» Provided records
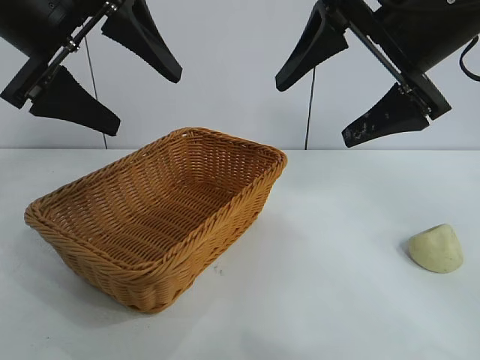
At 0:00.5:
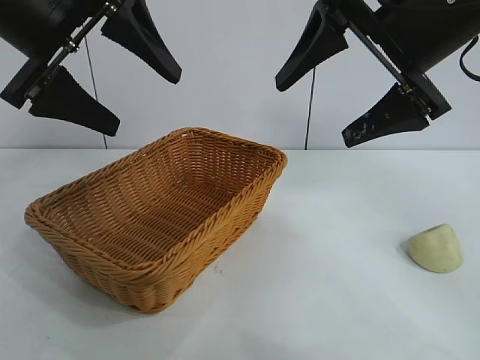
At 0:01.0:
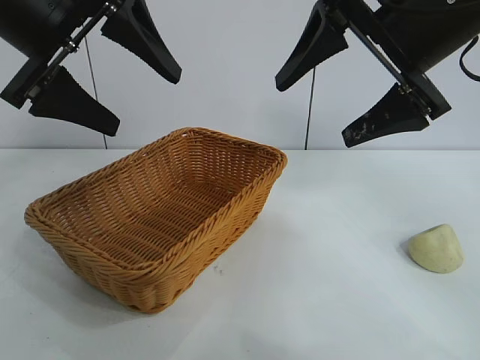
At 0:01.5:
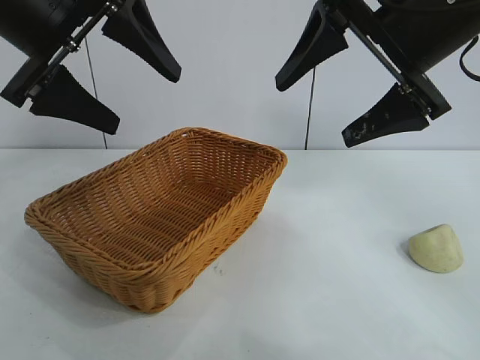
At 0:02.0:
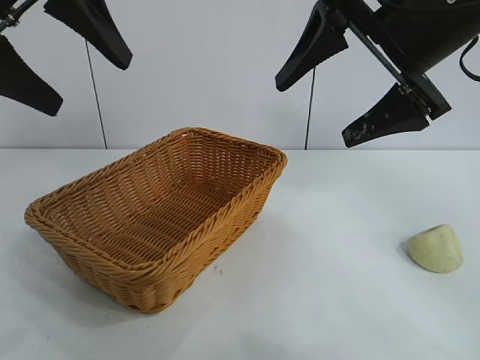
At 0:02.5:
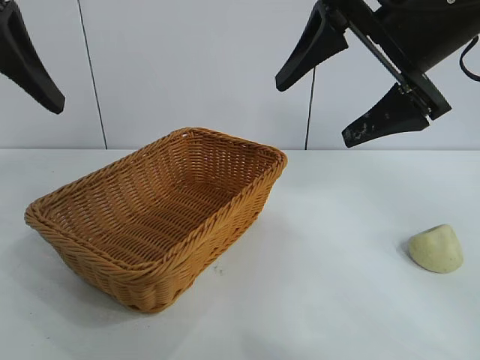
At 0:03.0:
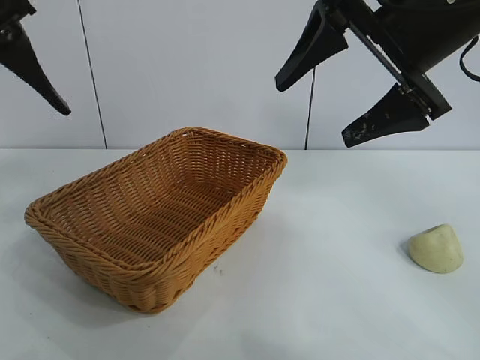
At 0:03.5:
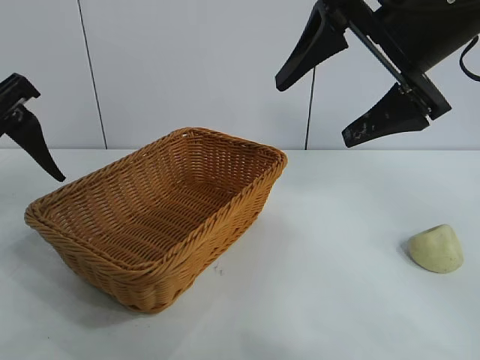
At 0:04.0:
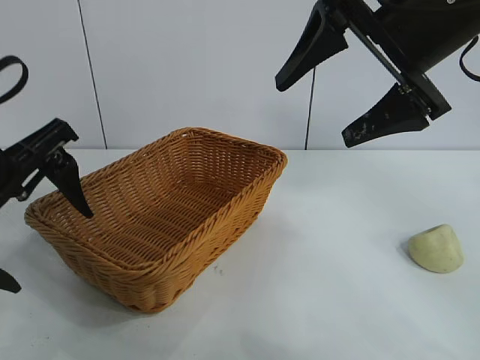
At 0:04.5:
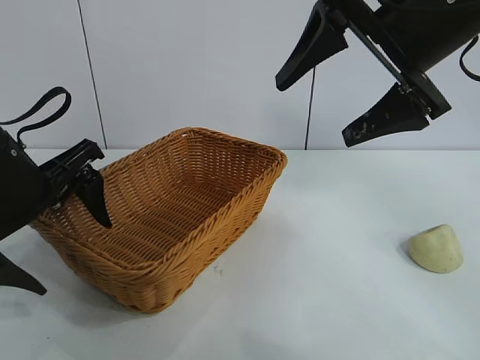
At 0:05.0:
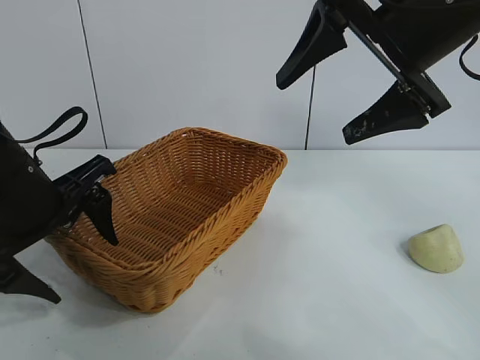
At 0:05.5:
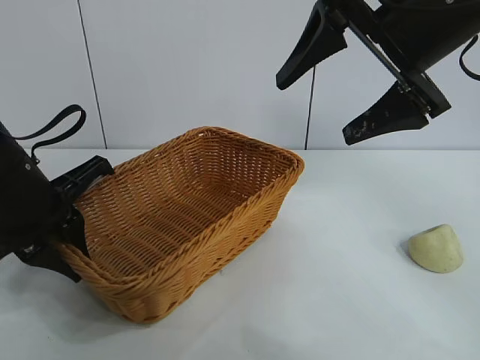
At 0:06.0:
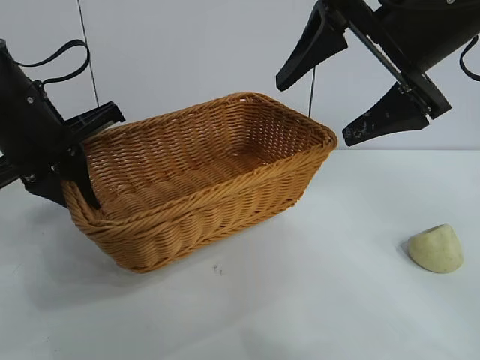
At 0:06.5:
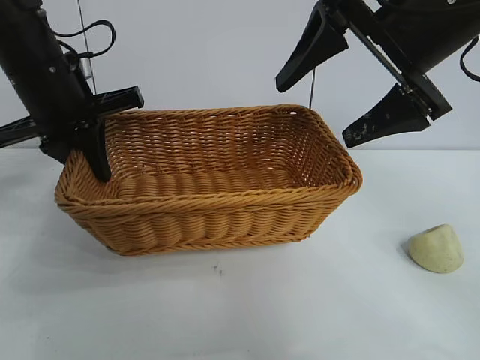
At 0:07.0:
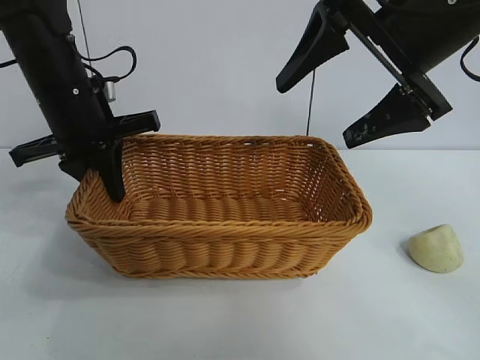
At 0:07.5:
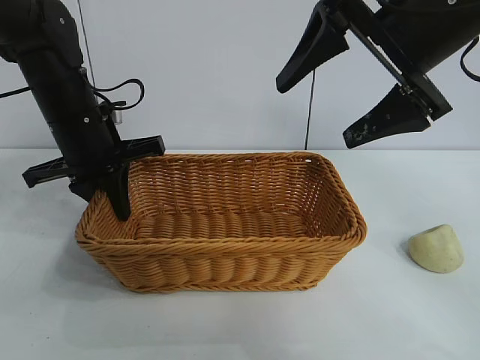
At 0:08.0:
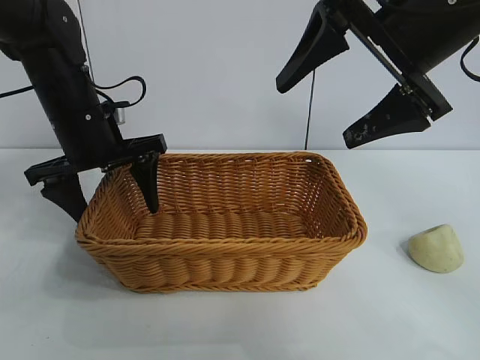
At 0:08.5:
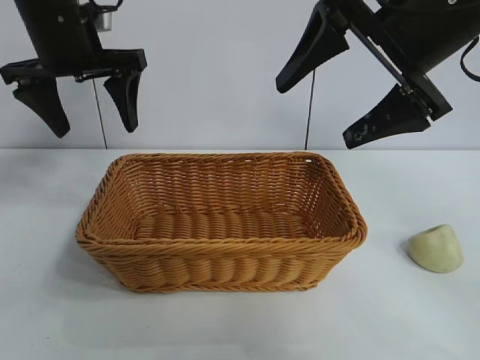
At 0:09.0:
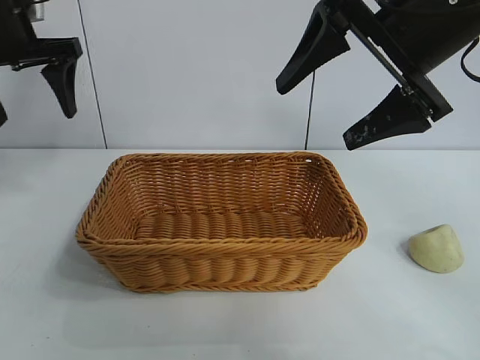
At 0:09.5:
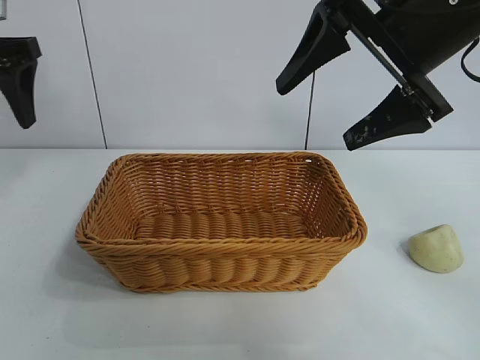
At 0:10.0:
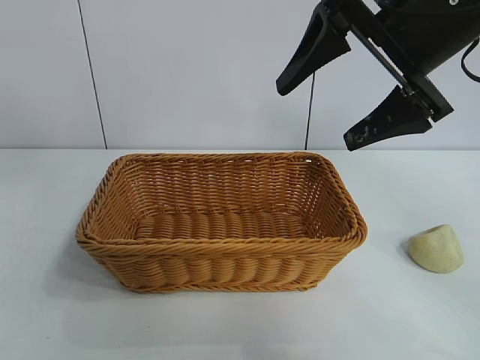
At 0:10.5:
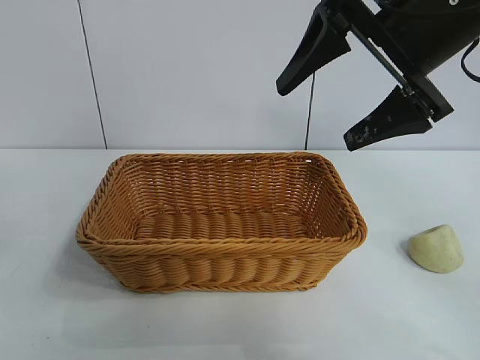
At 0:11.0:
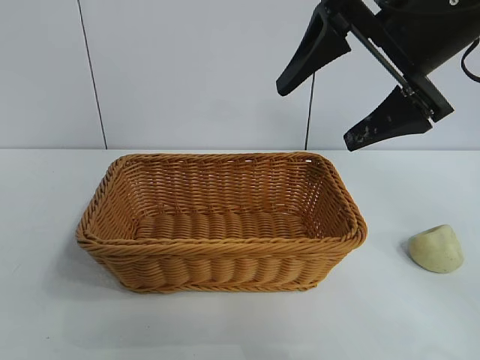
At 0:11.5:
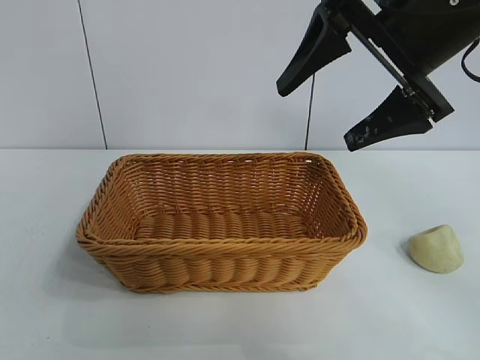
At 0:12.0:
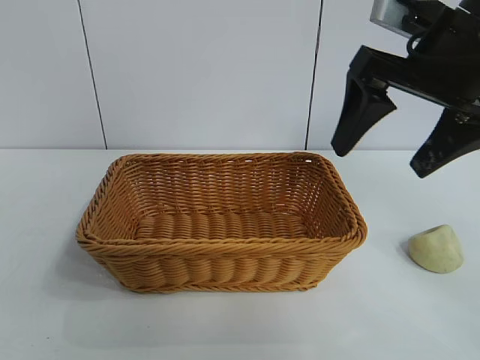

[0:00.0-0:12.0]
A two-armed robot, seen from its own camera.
Task of the whole recording: pick up the egg yolk pastry and put it into the basket.
Step, 0:01.5 to 0:05.0: Grasp the basket with left gripper.
Step, 0:05.5 to 0:07.5: Place the basket in the center of view with left gripper.

» What you need to do
Set every record down verbatim. No pictures belong in the copy.

» Your response
At 0:00.5:
At 0:01.0:
At 0:01.5:
At 0:02.0:
At 0:02.5:
At 0:03.0:
At 0:03.5:
At 0:04.0:
At 0:04.5:
At 0:05.0:
At 0:05.5:
At 0:06.0:
At 0:06.5:
At 0:07.0:
At 0:07.5:
At 0:08.0:
At 0:08.5:
At 0:09.0:
At 0:09.5:
At 0:10.0:
At 0:10.5:
At 0:11.0:
At 0:11.5:
At 0:12.0:

[0:00.0-0:12.0]
A two-armed robot, seen from its own camera.
Task of the whole recording: pick up the egg yolk pastry and put it into the basket.
Step, 0:01.5 to 0:05.0: Grasp the basket with left gripper.
Step, 0:05.5 to 0:07.5: Place the basket in the center of view with left gripper.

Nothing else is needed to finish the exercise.